Beides führt zu einer isolierenden Masse, erhöht den Druckverlust und lenkt das Wasser vom Luftstrom weg, wodurch dem Turm Kontaktfläche entzogen wird. Untersuchen Sie Filmfüllkörper auf Durchhängen, Kollaps und starke weiße Ablagerungen; durchhängende Packungen sind ein Zeichen für angesammeltes Ablagerungsgewicht.
Verschmutzte oder kollabierte Packungen werden in der Regel ersetzt statt gereinigt, da Filmmedien ihre Geometrie selten wiederherstellen, wenn sie verformt sind.

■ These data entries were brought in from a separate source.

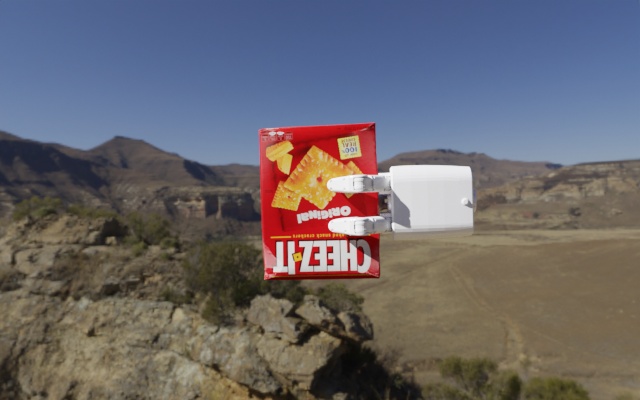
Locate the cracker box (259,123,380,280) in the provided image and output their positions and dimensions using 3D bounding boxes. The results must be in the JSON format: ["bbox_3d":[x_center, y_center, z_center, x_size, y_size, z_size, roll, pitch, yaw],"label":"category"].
[{"bbox_3d":[0.000,0.002,0.677,0.164,0.213,0.072,-2,1,5],"label":"cracker box"}]
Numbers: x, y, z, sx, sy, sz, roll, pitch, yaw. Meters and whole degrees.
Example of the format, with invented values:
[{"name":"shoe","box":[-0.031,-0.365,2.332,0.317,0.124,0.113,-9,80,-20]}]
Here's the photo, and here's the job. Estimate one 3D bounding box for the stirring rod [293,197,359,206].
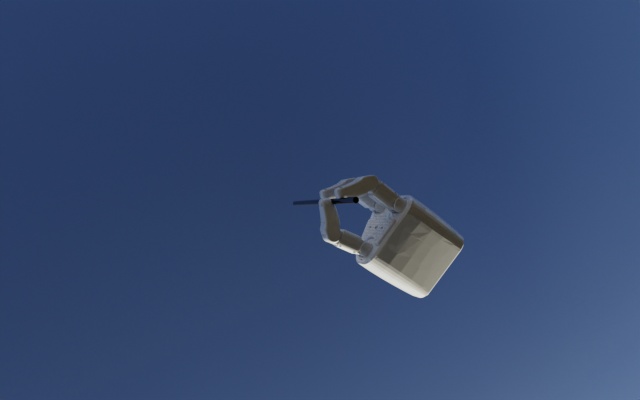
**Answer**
[{"name":"stirring rod","box":[0.000,0.002,0.677,0.011,0.011,0.239,0,-1,-20]}]
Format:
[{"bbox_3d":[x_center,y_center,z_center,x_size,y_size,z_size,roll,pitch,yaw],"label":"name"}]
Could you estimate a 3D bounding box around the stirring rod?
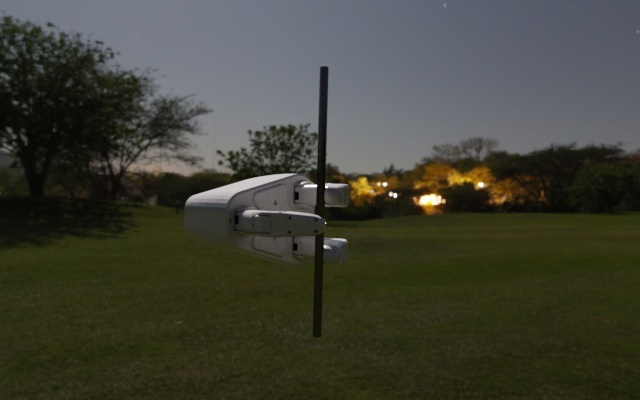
[{"bbox_3d":[0.000,0.001,0.427,0.011,0.239,0.011,2,0,0],"label":"stirring rod"}]

Ein geeignetes Aufbereitungsprogramm ist die wirtschaftlichste Wartungsmaßnahme. Es steuert drei miteinander verbundene Probleme gleichzeitig:
Die entscheidende Größe sind die Konzentrationszyklen: das Verhältnis der gelösten Feststoffe im Umlaufwasser zu denen im Nachspeisewasser. Höhere Zyklen sparen Wasser und Chemikalien, erhöhen jedoch das Risiko von Verkalkung und Korrosion, weshalb die Leitfähigkeit gemessen und die Spülung so angepasst wird, dass ein Zielwert eingehalten wird. Regelmäßige Wasserproben sichern die Wirksamkeit des Programms.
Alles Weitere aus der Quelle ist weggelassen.